Issue of the week: Rolet says au revoir
The London Stock Exchange is losing a doughty champion just when the City needs him most
Few big-league bosses have transformed the fortunes of an organisation quite so effectively as Xavier Rolet, said Jim Armitage in the London Evening Standard. When the French banker took over at the London Stock Exchange nine years ago, he inherited an institution “in crisis”. Having failed to become “a consolidator of globalising markets”, the LSE seemed bound to fall into foreign hands. Yet after a series of timely deals – notably the purchase of a majority stake in Lch.clearnet in 2012 – Rolet, who has announced his intention to quit next year, succeeded in creating a £14bn international powerhouse. Indeed, his main achievement has been “to render LSE’S name inaccurate”, by moving way beyond London-centric share-trading into profitable clearing and indices businesses, said Lex in the FT. From the point of view of shareholders, he has played a blinder. The LSE’S share price has risen from 500p in 2009 to £39, marking a 700% return.
Had his ill-fated attempt to merge with LSE’S German counterpart, Deutsche Börse, succeeded, Rolet would have quit the 319-yearold institution last summer, said Nils Pratley in The Guardian. As it is, we can expect “a long goodbye” while a successor is found. Just as well.
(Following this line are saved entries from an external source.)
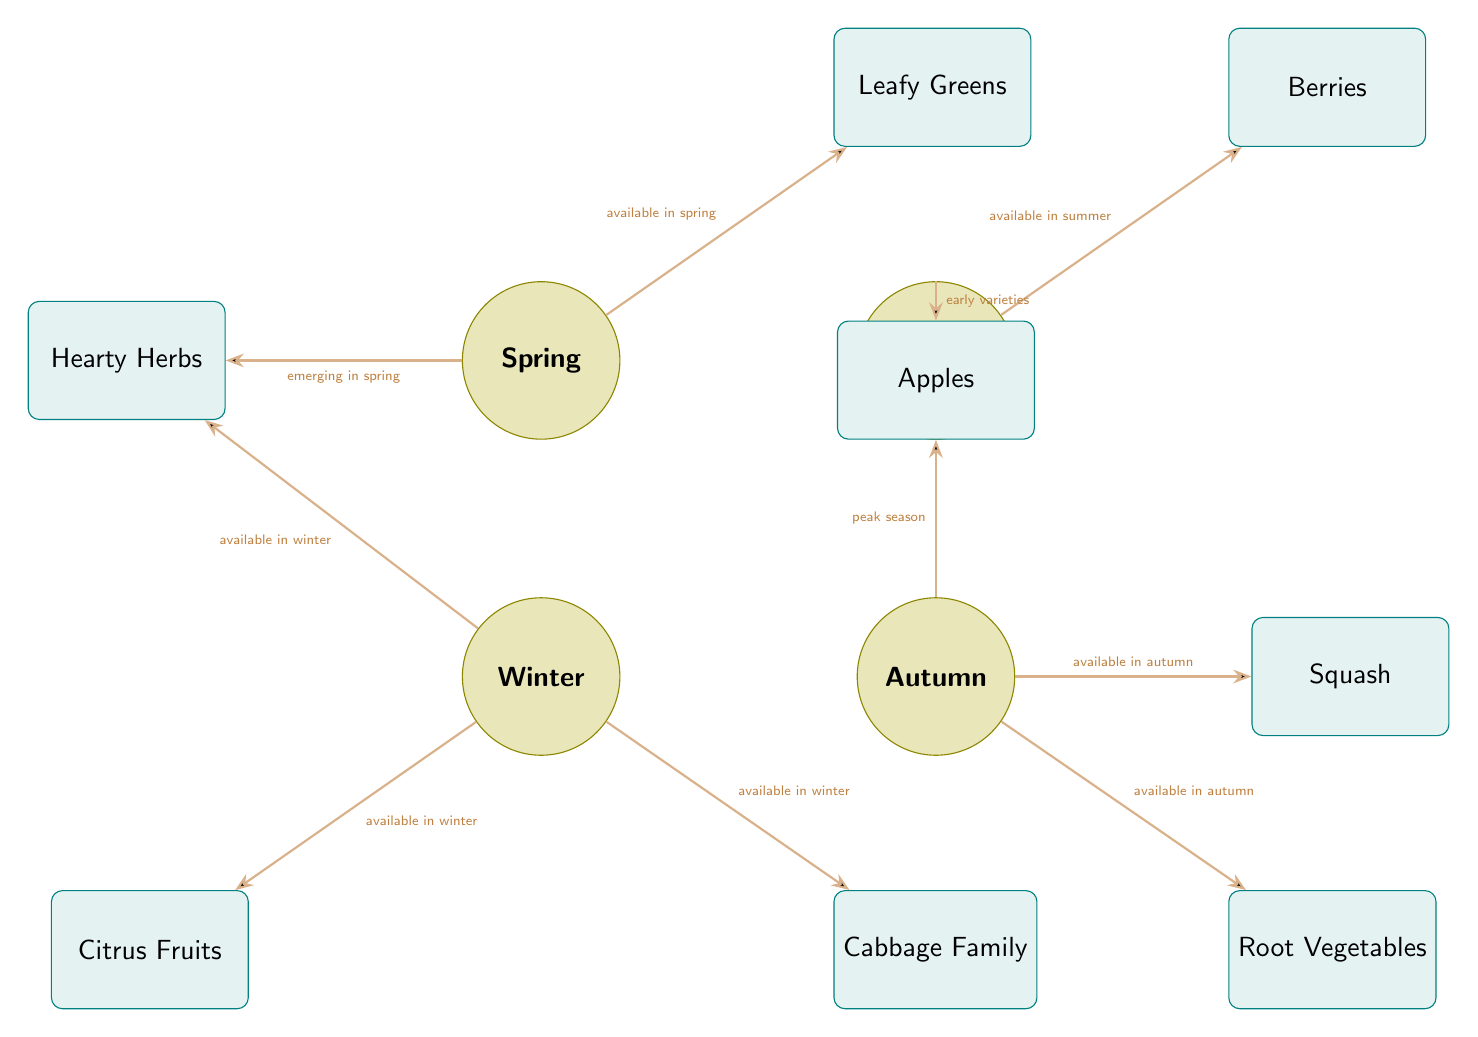What food is available in spring? The diagram shows the connection from the "Spring" node to the "Leafy Greens" food node, indicating that leafy greens are available in spring.
Answer: Leafy Greens Which food has its peak season in autumn? The diagram has a direct edge from the "Autumn" node to the "Apples" node stating "peak season". This indicates that apples have their peak season in autumn.
Answer: Apples What food is available during winter? The diagram shows the connections from the "Winter" node to both "Citrus Fruits" and "Cabbage Family" food nodes, indicating both are available during winter.
Answer: Citrus Fruits, Cabbage Family How many food types are available in summer? The diagram displays one food connection stemming from the "Summer" node to the "Berries" food node. Therefore, there is one food type available in summer.
Answer: 1 Which food is emerging in spring? The diagram includes a connection from the "Spring" node to the "Hearty Herbs" node labeled "emerging in spring", indicating that hearty herbs are emerging in spring.
Answer: Hearty Herbs Which food is categorized as a root vegetable, and when is it available? The diagram connects the "Autumn" node to the "Root Vegetables" food node, stating "available in autumn" which identifies root vegetables as being available in autumn.
Answer: Root Vegetables, Autumn How many seasons do leafy greens have availability? The diagram shows that leafy greens are connected only to the "Spring" node. Thus, they are available in one season—spring.
Answer: 1 Which food type is connected to the winter season, labeled as 'available in winter'? The "Citrus Fruits" and "Cabbage Family" food nodes both connect from the "Winter" node with the label "available in winter", thus identifying both food types.
Answer: Citrus Fruits, Cabbage Family What are the two types of food shown in autumn? The diagram connects "Autumn" to "Root Vegetables" and "Squash", indicating that both types of food are shown in autumn.
Answer: Root Vegetables, Squash 
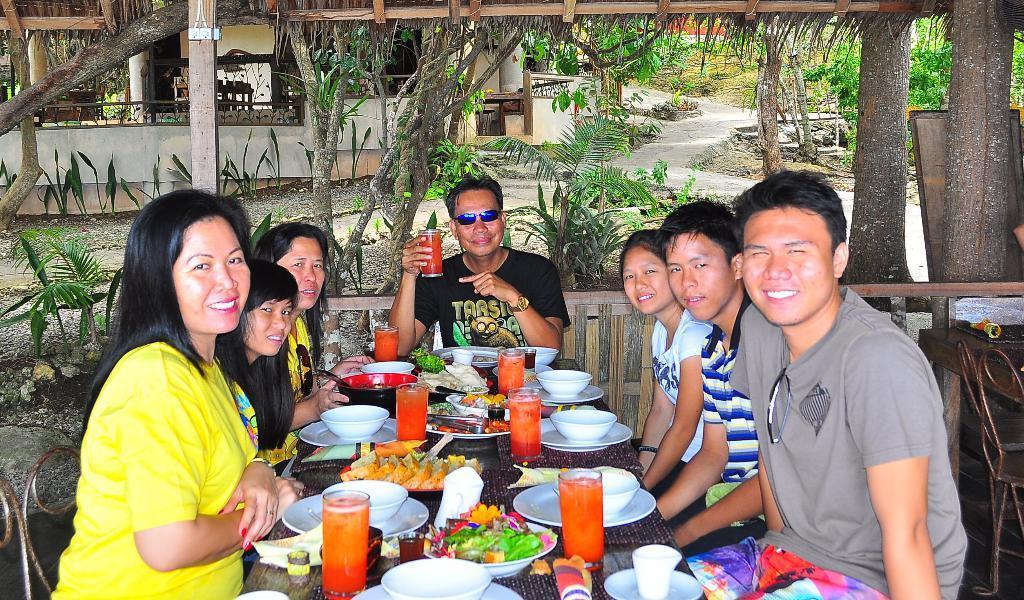Please provide a concise description of this image. In this picture we can see a group of people sitting in front of a dining table, we can see a glass of drink and some of the plates here and glasses, we can see some bowls here, there is a food placed on a dining table, in the background we can see house and also we can see some trees here. 
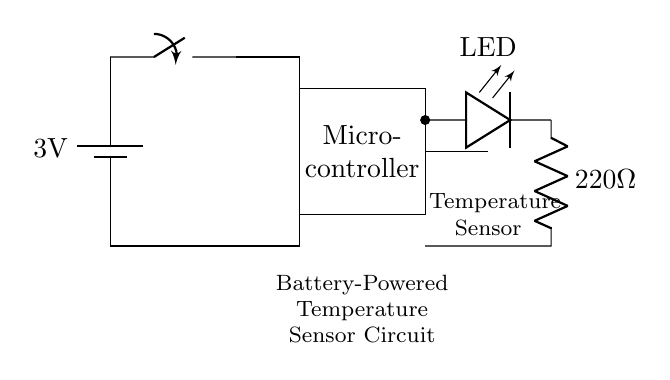What is the voltage of the battery? The circuit shows a battery labeled with a voltage of 3 volts, indicating the potential difference it provides.
Answer: 3 volts What type of sensor is used in this circuit? The diagram features a component specifically labeled as a temperature sensor, which indicates that this circuit is designed for monitoring temperature.
Answer: Temperature sensor What is the purpose of the LED in the circuit? The LED in the circuit acts as an indicator, illuminating to show the status of the circuit, typically whether it is active or indicating a measurement.
Answer: Indicator How many main components are there in this circuit? The circuit comprises a battery, switch, microcontroller, temperature sensor, and LED, making a total of five main components.
Answer: Five What current-limiting component is used with the LED? The circuit includes a resistor, specifically labeled as 220 ohms, which limits the current flowing through the LED to prevent it from burning out.
Answer: 220 ohms What would happen if the temperature sensor fails? If the temperature sensor fails, the microcontroller will not receive any temperature data, leading to a lack of environmental monitoring and potentially incorrect readings or system failure.
Answer: Lack of monitoring What is the primary function of the microcontroller in this circuit? The microcontroller processes the data collected from the temperature sensor for further actions, which may include activating the LED or transmitting data.
Answer: Data processing 
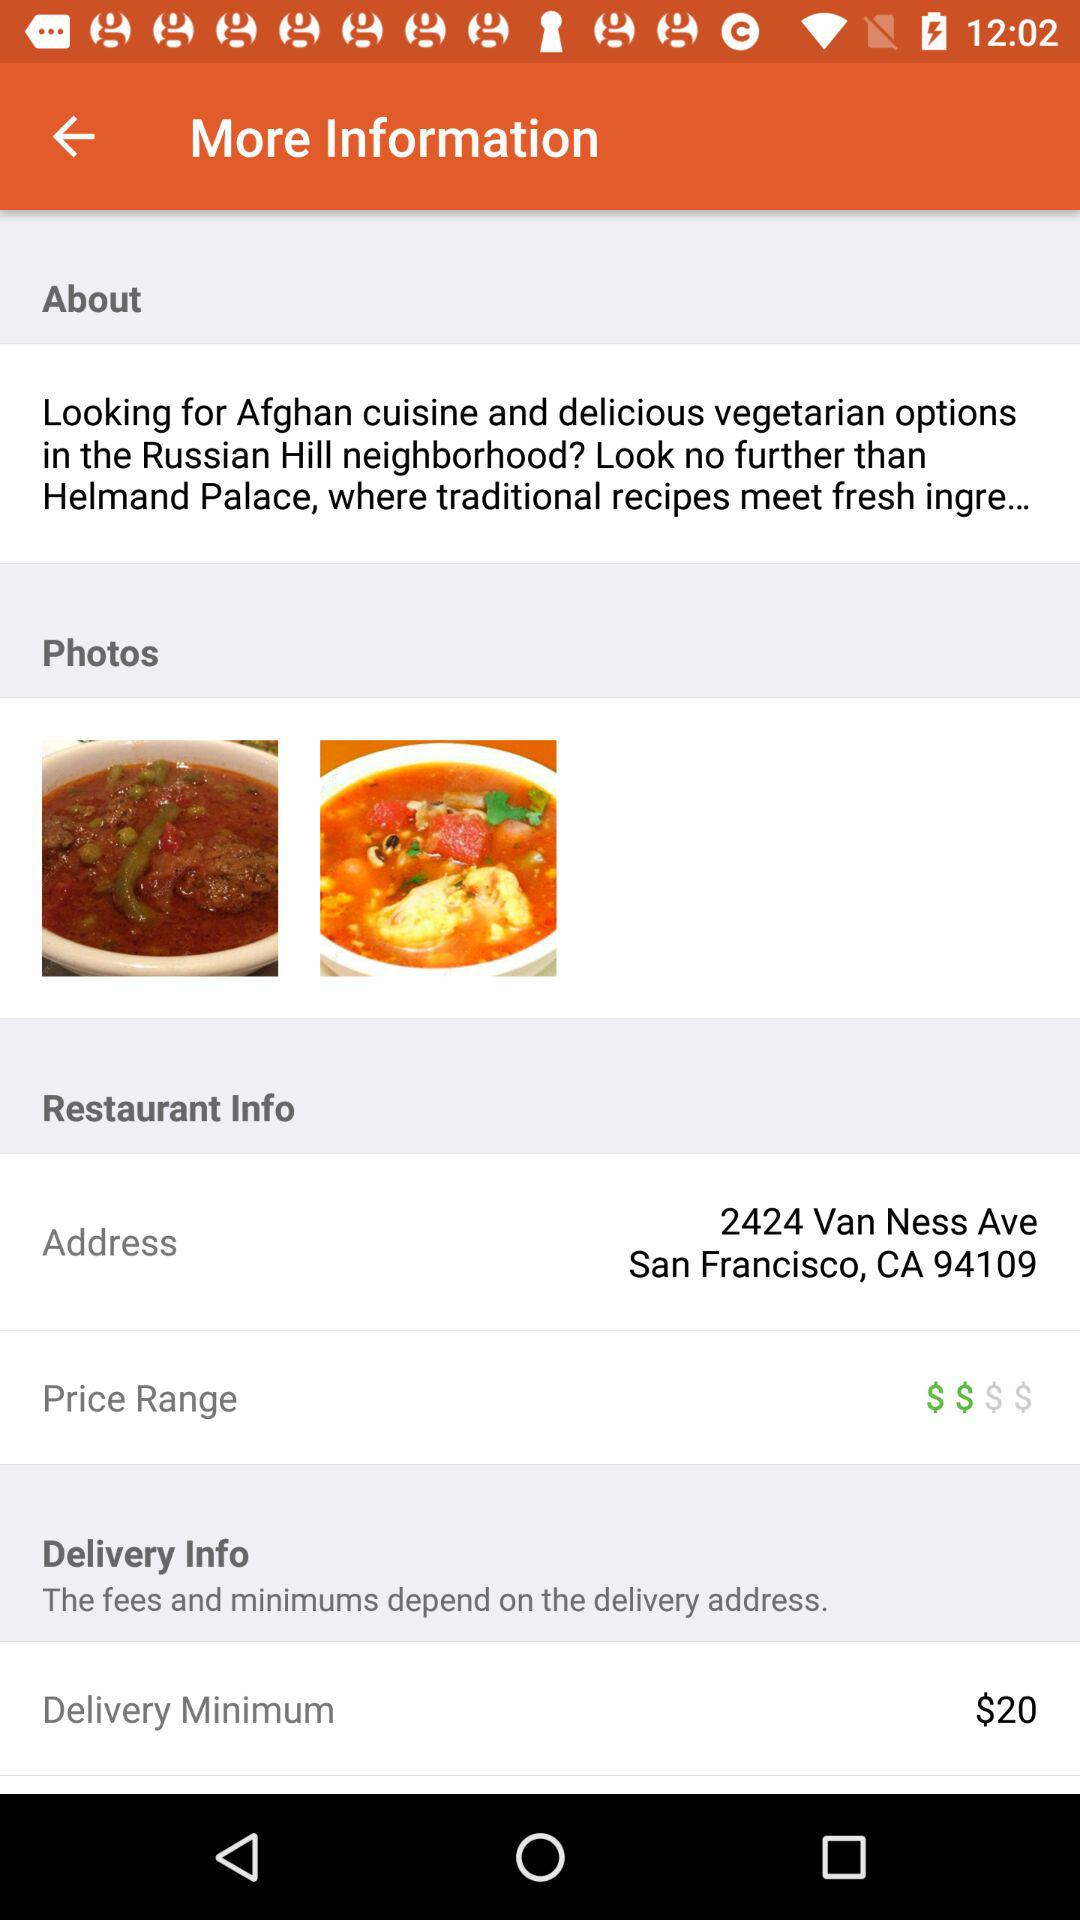What is the address of the restaurant? The address is 2424 Van Ness Ave San Francisco, CA 94109.

Rolet still has time to continue “as the City’s most effective speaker” on two critical Brexit themes. “First, that a transitional deal is desperately needed – and soon.” Second, that the EU would be foolish “to dismantle London’s dominance in clearing eurodenominated trades”: the disruption “would create unnecessary risks for everybody”. The latter argument, in particular, “sounds so much better coming from a Frenchman”. London’s dominance of derivatives-clearing globally has certainly made the global financial system safer, said Philip Stafford in the FT. In times of market stress, “a stable clearing house” helps contain the “threat of contagion” of the type we saw when Lehman Brothers collapsed in 2008. With Brexit looming, the battle to grab this lucrative business is heating up. Indeed, the big risk “from a brutal Brexit divorce” is that “clearing will fragment between London, Europe and New York”.
Of more immediate concern for most in the City is the vital need for a transitional deal. The City of London Corporation warns of dire consequences unless one is in place by the year’s end. Lloyd Blankfein, the Goldman Sachs boss, has taken a more direct approach, noted Sean Farrell in The Observer. As Theresa May headed for Brussels in a fruitless effort to unblock the Brexit impasse, he tweeted: “Just left Frankfurt. Great meetings. Really enjoyed it. Good, because I’ll be spending a lot more time there.” Is he bluffing? Who knows. But by the time “we learn whether his warning has serious consequences”, it will probably be too late.